WHAT YOU WILL DO: If a line in the entries below contains the word "name", it counts; report how many such lines there are, and only that number.

Stored dataset items
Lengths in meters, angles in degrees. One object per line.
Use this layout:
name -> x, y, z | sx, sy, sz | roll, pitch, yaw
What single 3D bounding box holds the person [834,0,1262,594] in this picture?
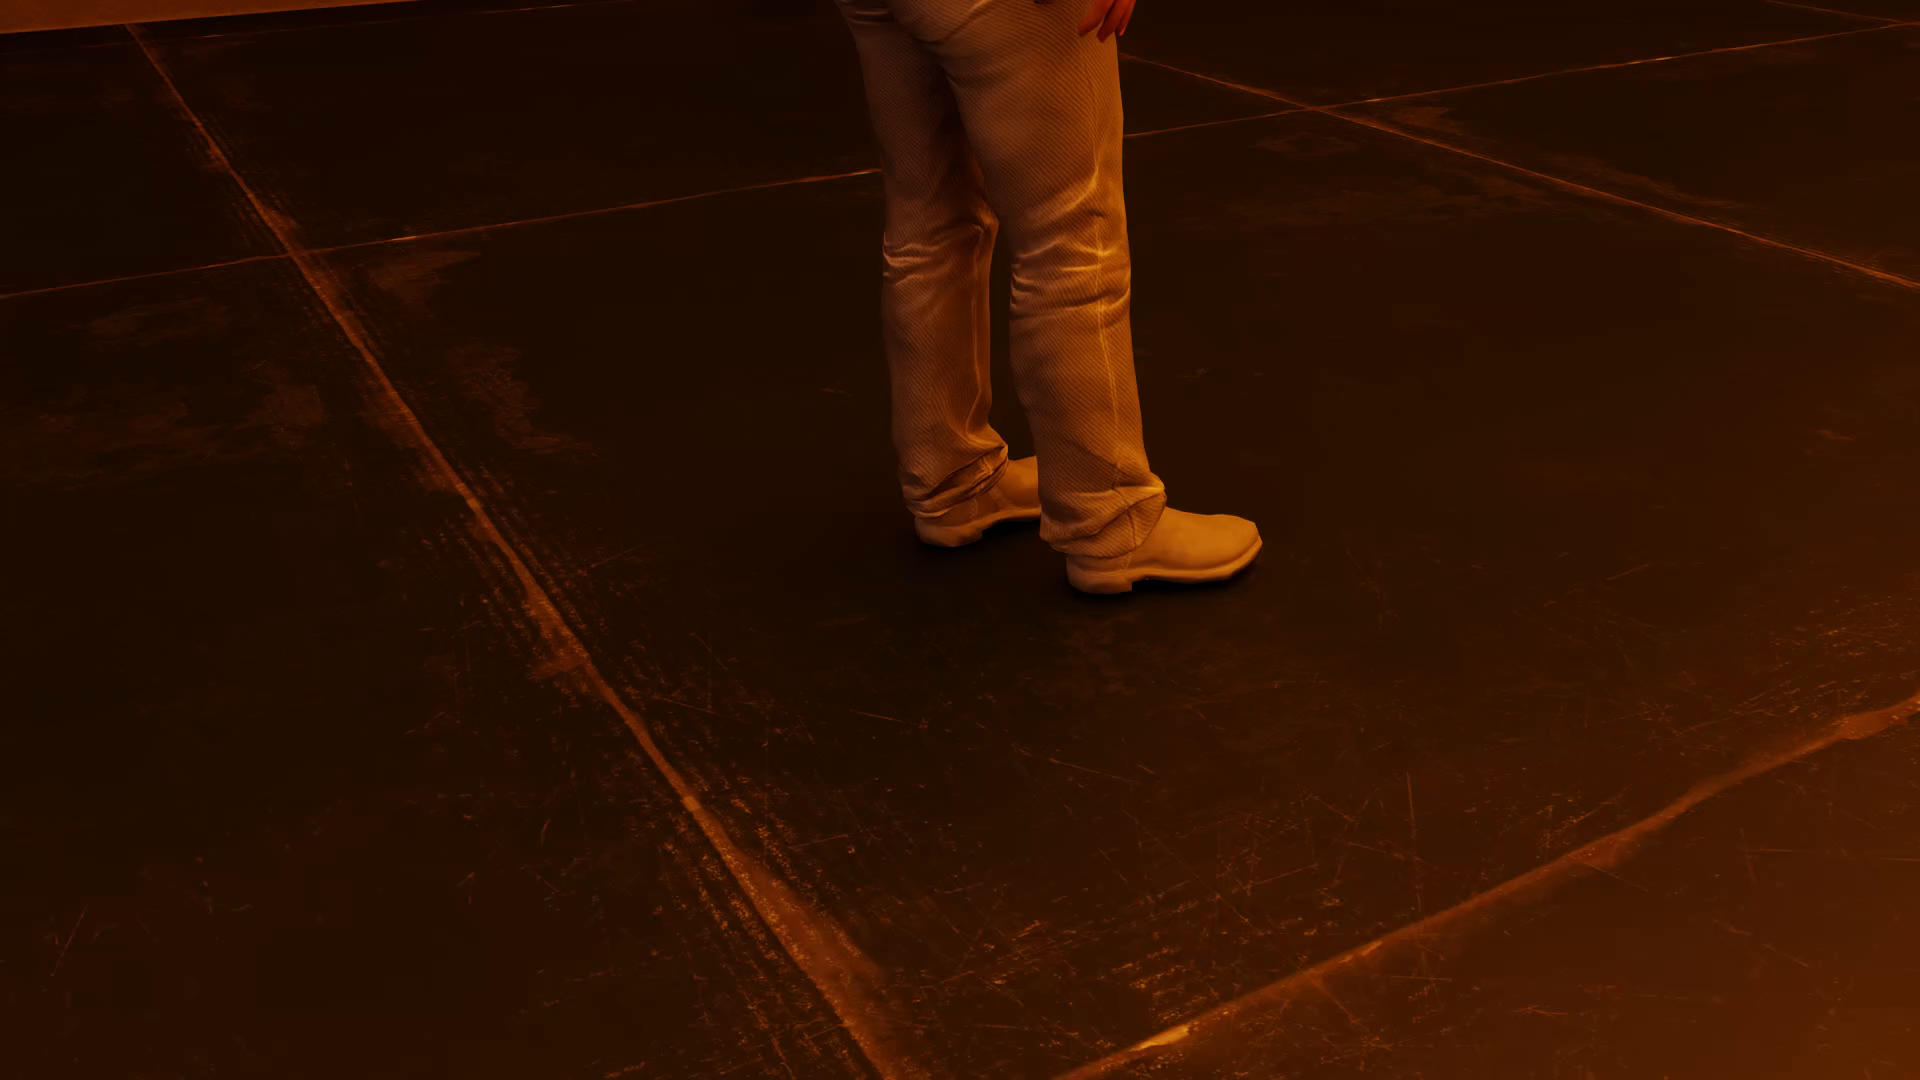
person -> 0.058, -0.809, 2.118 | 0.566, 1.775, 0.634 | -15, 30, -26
---
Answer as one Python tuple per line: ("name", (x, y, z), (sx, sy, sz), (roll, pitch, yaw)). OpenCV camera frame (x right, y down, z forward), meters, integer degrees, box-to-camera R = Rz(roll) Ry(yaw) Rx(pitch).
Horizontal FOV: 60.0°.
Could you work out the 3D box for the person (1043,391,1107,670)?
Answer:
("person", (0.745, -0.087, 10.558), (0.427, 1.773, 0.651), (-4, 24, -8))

SOLUTION TO THE EXERCISE: 2